3. Independent verification protocol approach

Base-case testing of the performance of the TCM amine plant using a nominal 30% MEA as the solvent was conducted the week of 6 January 2014 after approximately 6 weeks of operating the amine plant with the 30% MEA solution. The plant was operated at steady state through the entire week. (Note: The MEA solution concentration did drift down approximately 1 percentage point during the week of base-case testing.) The only operational abnormality was a short loss of flue gas flow for about 15 minutes at 15:00 hrs on 8 January 2014 from which operations were quickly restarted.

FORCE Technology was on-site to manually collect samples sequentially from the flue gas supply, depleted fuel gas, and product CO2. During all sampling periods the following sample data were collected:

  • CO, CO2, NOX, O2, SO2, and N2 (by difference) concentrations in vol%
  • Flow rate, pressure, and temperature.

The sampling time periods and sampling period designator are shown in Table 1 along with additional sampling undertaken on each day. Data logs for all sampling periods containing pertinent flows, temperatures, pressures, and concentrations measured by permanent plant instruments were supplied by TCM DA.


Table 1. FORCE Technology sampling periods.

4. Instrument assessment

This section assesses the quality of the instrumentation installed for measuring the respective compositions and flow rates.

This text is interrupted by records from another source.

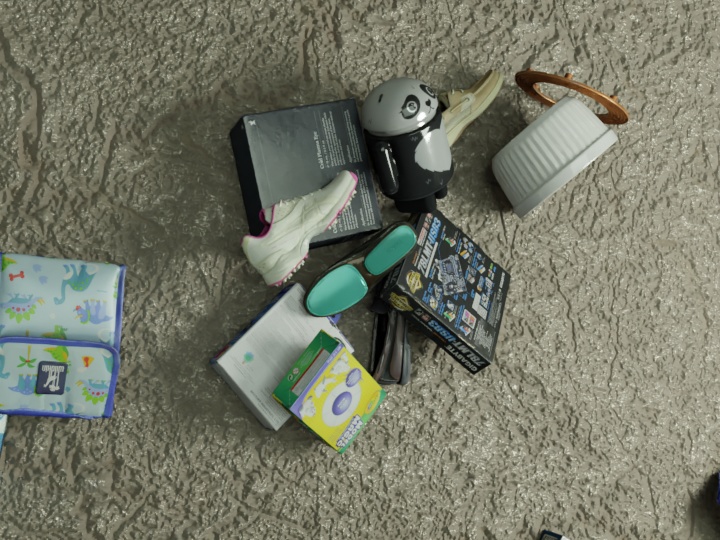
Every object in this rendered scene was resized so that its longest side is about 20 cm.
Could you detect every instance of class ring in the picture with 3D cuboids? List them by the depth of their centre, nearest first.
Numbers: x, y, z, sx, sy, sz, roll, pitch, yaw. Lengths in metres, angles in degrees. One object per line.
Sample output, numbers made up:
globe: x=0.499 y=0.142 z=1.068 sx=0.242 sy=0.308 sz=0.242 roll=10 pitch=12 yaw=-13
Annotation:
ring: x=0.344 y=-0.285 z=1.438 sx=0.197 sy=0.200 sz=0.020 roll=22 pitch=91 yaw=-16

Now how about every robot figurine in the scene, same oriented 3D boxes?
robot figurine: x=0.073 y=-0.186 z=1.321 sx=0.122 sy=0.151 sz=0.203 roll=-18 pitch=120 yaw=0

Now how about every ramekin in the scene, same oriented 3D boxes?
ramekin: x=0.302 y=-0.187 z=1.420 sx=0.199 sy=0.200 sz=0.106 roll=-38 pitch=86 yaw=-19

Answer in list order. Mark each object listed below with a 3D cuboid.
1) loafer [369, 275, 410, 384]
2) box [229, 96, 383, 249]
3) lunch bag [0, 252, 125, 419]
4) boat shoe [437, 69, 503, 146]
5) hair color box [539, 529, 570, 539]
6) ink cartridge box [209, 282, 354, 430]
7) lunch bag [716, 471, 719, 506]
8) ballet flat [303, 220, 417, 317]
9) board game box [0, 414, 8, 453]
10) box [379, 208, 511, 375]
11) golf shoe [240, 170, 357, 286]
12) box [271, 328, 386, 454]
loafer: x=0.041 y=0.075 z=1.362 sx=0.061 sy=0.072 sz=0.206 roll=-2 pitch=88 yaw=-16
box: x=-0.083 y=-0.136 z=1.319 sx=0.178 sy=0.104 sz=0.205 roll=-11 pitch=88 yaw=-21
lunch bag: x=-0.402 y=0.088 z=1.160 sx=0.166 sy=0.127 sz=0.206 roll=7 pitch=82 yaw=-21
boat shoe: x=0.156 y=-0.264 z=1.438 sx=0.065 sy=0.072 sz=0.200 roll=45 pitch=78 yaw=-11
hair color box: x=0.304 y=0.534 z=1.413 sx=0.099 sy=0.060 sz=0.203 roll=32 pitch=74 yaw=-14
ink cartridge box: x=-0.104 y=0.115 z=1.300 sx=0.200 sy=0.076 sz=0.137 roll=-44 pitch=100 yaw=-17
lunch bag: x=0.714 y=0.410 z=1.539 sx=0.198 sy=0.127 sz=0.172 roll=-34 pitch=97 yaw=-29
ballet flat: x=0.000 y=0.000 z=1.295 sx=0.198 sy=0.068 sz=0.069 roll=-35 pitch=102 yaw=-5
board game box: x=-0.566 y=0.228 z=1.138 sx=0.195 sy=0.047 sz=0.155 roll=11 pitch=80 yaw=-19
box: x=0.137 y=0.023 z=1.359 sx=0.197 sy=0.050 sz=0.202 roll=38 pitch=43 yaw=-15
golf shoe: x=-0.083 y=-0.075 z=1.221 sx=0.091 sy=0.075 sz=0.201 roll=42 pitch=72 yaw=-8
box: x=-0.036 y=0.184 z=1.275 sx=0.118 sy=0.048 sz=0.200 roll=-52 pitch=143 yaw=-10
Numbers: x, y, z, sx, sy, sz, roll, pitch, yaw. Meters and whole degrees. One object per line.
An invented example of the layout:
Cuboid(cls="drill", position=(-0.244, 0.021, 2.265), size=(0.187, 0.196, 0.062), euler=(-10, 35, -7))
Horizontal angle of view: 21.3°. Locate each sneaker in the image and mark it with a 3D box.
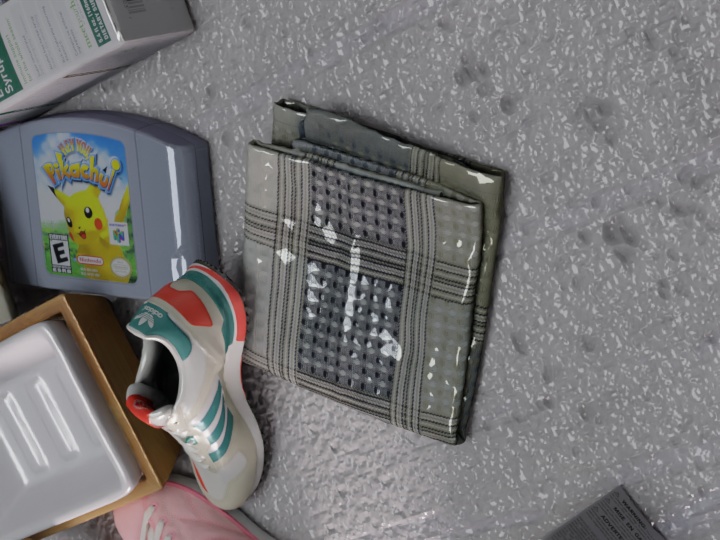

There are two measures of instrumentation quality:

  • Accuracy / bias – Measure of the difference between the instrument reading (or average of a set of readings under unchanging process conditions) and the true value of the parameter. The “true value” must be determined  by  means other than the measurement in question. This is usually accomplished by simultaneous measurement of the parameter by the plant instrument and a reference method or instrument with calibration that can be traced to primary standards.
  • Precision – Variability of the instrument reading when stream conditions do not change. Precision is a measure of the random error associated with the measurement.

The aggregate uncertainty in a measurement includes both precision error and bias error. Absent a calibration against primary standards, the uncertainty published by the instrument supplier is only the precision error.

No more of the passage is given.